UNH scientists to build device for detecting contraband radioactive material
Researchers at the University of New Hampshire's Space Science Center (SSC), in partnership with Michigan Aerospace Corporation, have been contracted by the federal Defense Threat Reduction Agency (DTRA) to build a highly sensitive instrument that will detect illicit radioactive materials with pinpoint accuracy from a safe distance. Such materials, located in shipping ports, train stations, truck stops or warehouses, potentially could be used to make "dirty bombs" or associated with a nuclear device itself.
The one-year contract of $303,000 will include a realistic field test of the device's capabilities in 2012.
The Portable Neutron Spectroscope, or NSPECT for short, is a next-generation instrument based on those originally designed and built at the SSC for space-based missions studying high-energy neutrons and gamma rays emanating from the Sun and distant astronomical objects. NSPECT will have the capability to detect, make an image of, and identify hazardous and dangerous nuclear materials because such sources emit radiation similar to that in space. The device will be useful for security and proliferation deterrence, as well as for nuclear waste characterization and monitoring.
"This type of capability doesn't exist at the moment," says lead scientist James Ryan of the UNH Institute for the Study of Earth, Oceans, and Space and the department of physics. Ryan adds, "There are several designs in development in the U.S. but, basically, what people have to do now is go into a building or a container and fish around in hopes of finding the source. The expertise that has been acquired over many years in the space program can now be brought to bear on this problem to better find and locate nuclear bomb-making material."

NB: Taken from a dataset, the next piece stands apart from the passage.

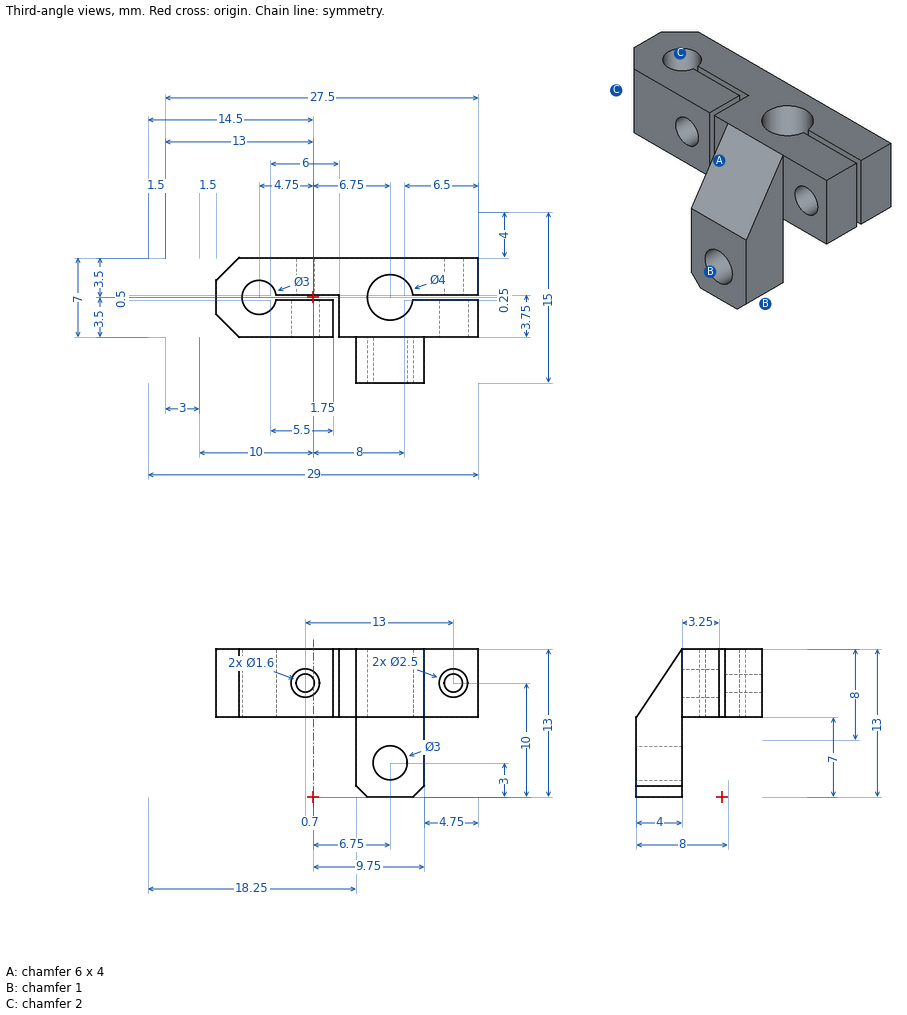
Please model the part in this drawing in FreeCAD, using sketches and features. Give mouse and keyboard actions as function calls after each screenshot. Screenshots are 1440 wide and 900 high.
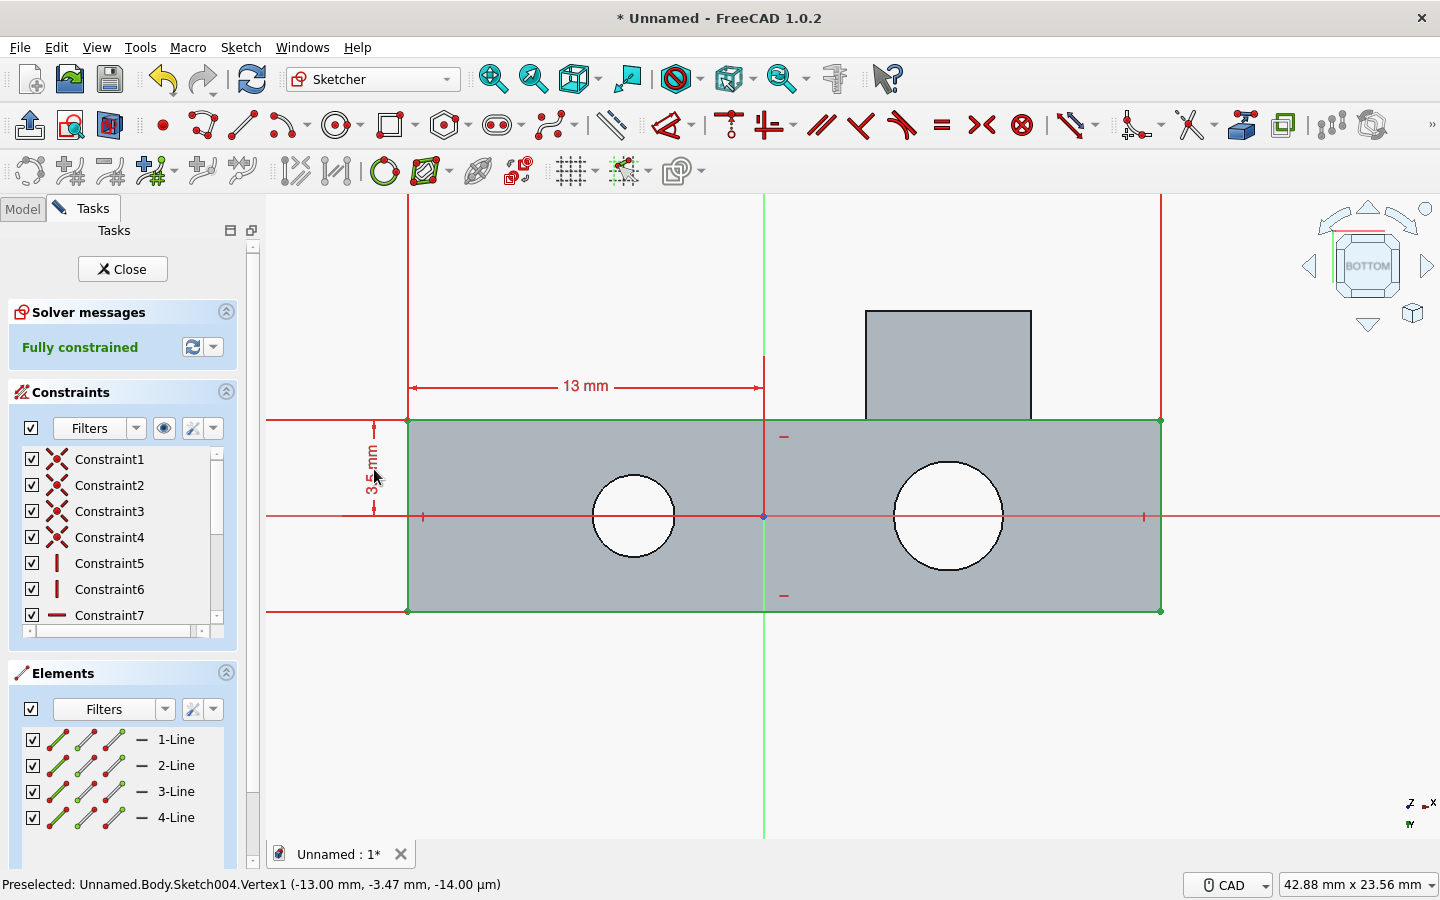
click(123, 269)

DTRA is the U.S. Department of Defense's official combat support agency for countering weapons of mass destruction, and its programs include basic science research and development.

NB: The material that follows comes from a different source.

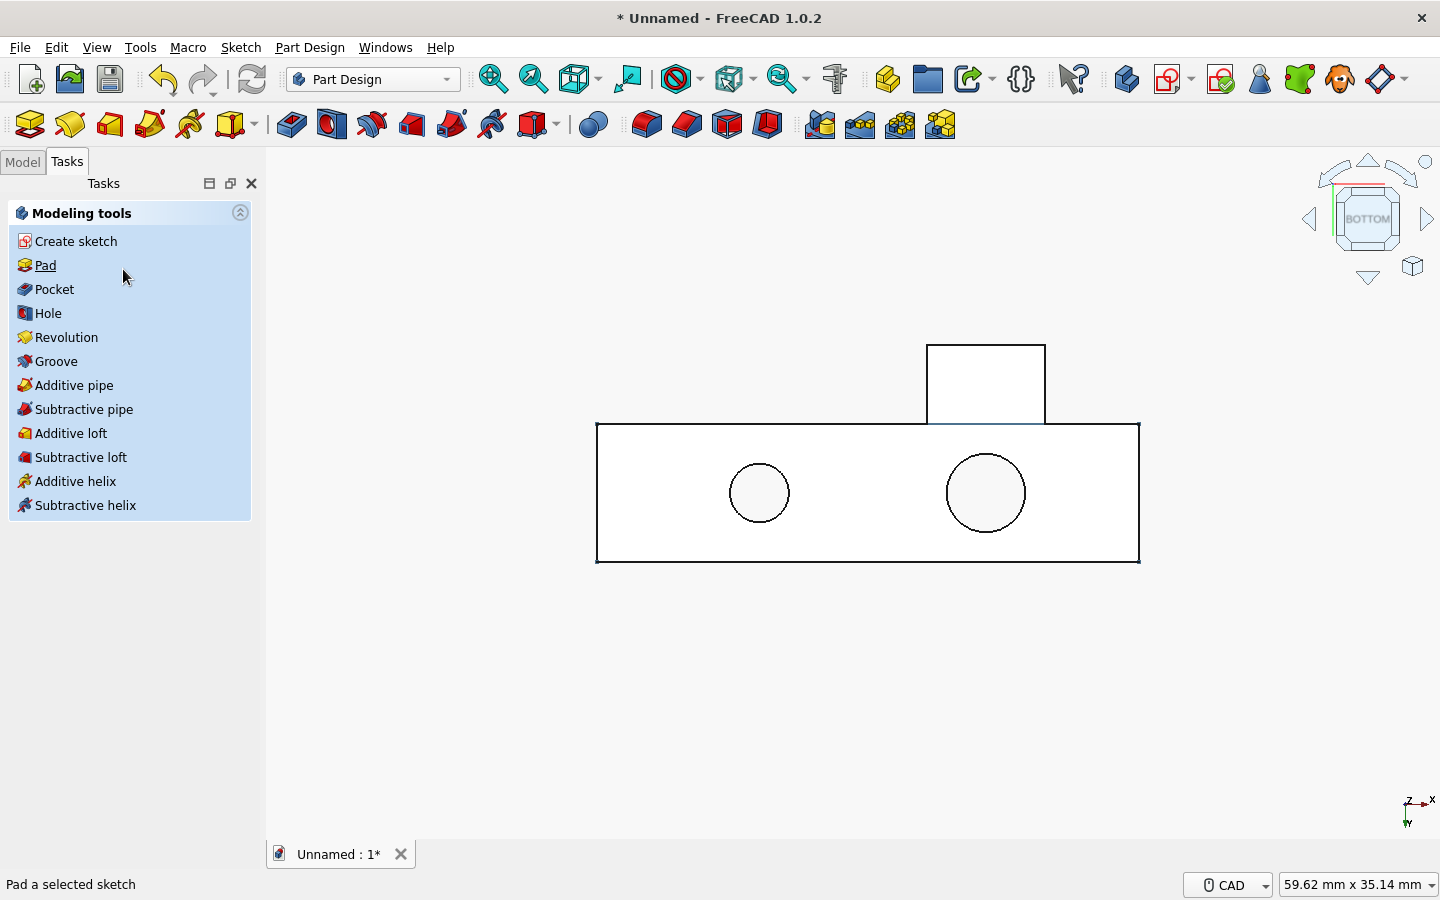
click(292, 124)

"The funding from DTRA enables us to significantly advance the NSPECT technology and accelerate its deployment," says Dominique Fourguette, chief technology officer at Michigan Aerospace. "One of our primary goals is to produce a robust instrument that can be put to use as quickly as possible," she adds.
To build the instrument, UNH is leveraging 40 years of experience conducting space-based neutron and gamma-ray detection, with university scientists and engineers developing all the related instrument hardware and software. Michigan Aerospace is responsible for the support engineering that will turn the bench-top instrument into a rugged field-deployable device equipped with a nimble graphical user interface and live video imaging capability.
NSPECT will have the capability to detect both gamma rays and neutrons but it is the neutron detection that is of greatest interest to DTRA.
Unlike other forms of radiation, such as gamma rays, penetrating neutron emission is very uncommon and neutrons are by their nature resistant to detection and defy easy imaging. Indeed, for every one neutron that can be detected 10,000 hurtle past unseen. And when detection is achieved, extracting any meaningful information about the particle is challenging. And therein lies the key to the neutron detector.
While a Geiger counter simply clicks at a higher rate the closer it is to a source of radiation and cannot filter out the ever-present background radiation, the neutron camera discreetly records every neutron that interacts with the instrument and puts each one in a specific "bucket" based on what direction that neutron came from. The buckets are then emptied and, using software developed at SSC, the instrument "focuses" the neutrons into a coherent picture, emerging just like an image in a Polaroid snapshot.
"You need a complicated instrument that allows you to follow the neutron and give you information about its velocity and the direction it's coming from," says Ryan. "Our instrument will be very sensitive, and when it detects these neutrons it will be able to construct images of the emission pattern and report the neutron spectrum, which in turn will allow us to nail down what type of nuclear material we're dealing with."
He adds that, unlike gamma rays, which if detected would alert authorities to something like radioactive medical waste that could be used to construct a dirty bomb, "If you were to get a neutron signal at some port, for example, you'd bring everything to a halt because what you're potentially dealing with there is someone trying to smuggle in material for a nuclear device, or a nuke itself."